Gheddafi più pericoloso per l'economia che per i suoi missili

L'impero economico del Rais ramificato nel "Bel Paese"

20 Marzo 2011   08:43  

Riportiamo la traduzione fatta dal giornalista Fulvio Beltrami di un articolo del giornalista algerino Saide Mekki, pubblicato sul giornale algerino “Le Quotidien d’Oran” qualche giorno fa.

Saide ci spiega il meccanismo di congelamento che gli stati occidentali hanno attuato contro la famiglia Gheddafi. Congelamento che in Italia sembra molto di facciata e quantomeno sospetto.

Ricordiamo al lettore che Gheddafi fu ospite proprio qui all'Aquila durante il G8 (luglio 2009) e che qualche giorno fa si è scoperto un albergo di sua proprietà proprio nella nostra regione.
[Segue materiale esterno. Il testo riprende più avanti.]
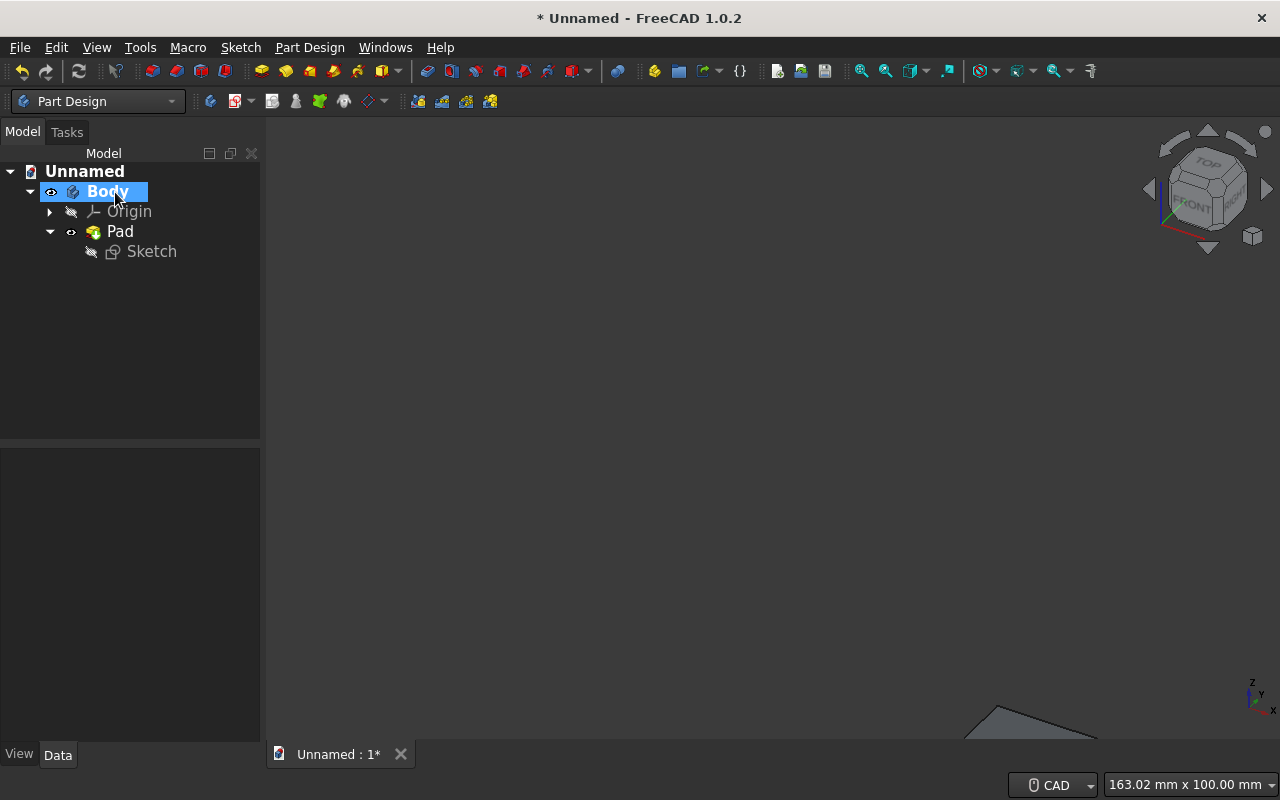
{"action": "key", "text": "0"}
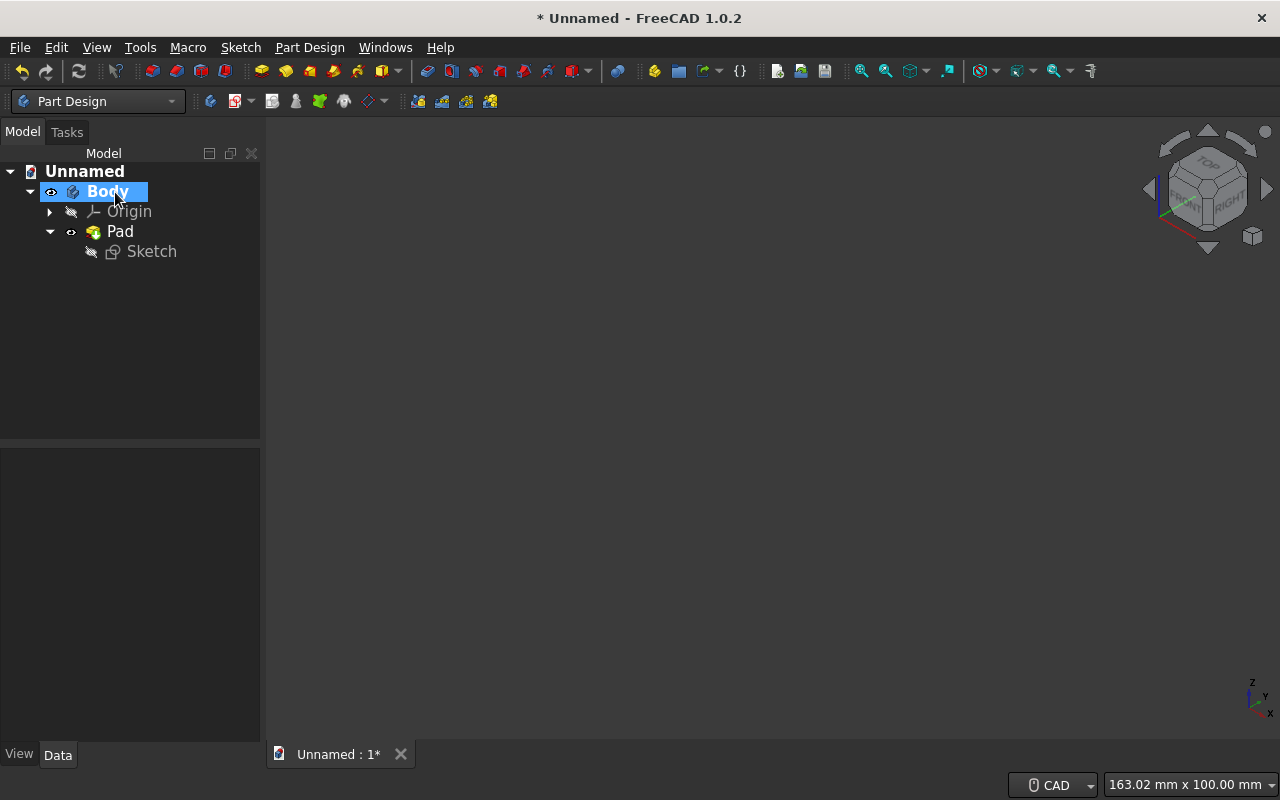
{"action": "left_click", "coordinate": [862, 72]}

Questo per far ben capire l'intreccio di affari che il leader libico e la sua famiglia ha con il nostro paese.

Non dimentichiamo, inoltre, che la Libia e poi vedremo come lo stato libico sia difficilmente dissolubile dal suo Rais Gheddafi, detiente oltre il 7% del capitale di Unicredit e come le sorti di questa banca siano indissolubilmente legate alla sorte del leader libico e della pletora di prestanomi che a lui fanno riferimento.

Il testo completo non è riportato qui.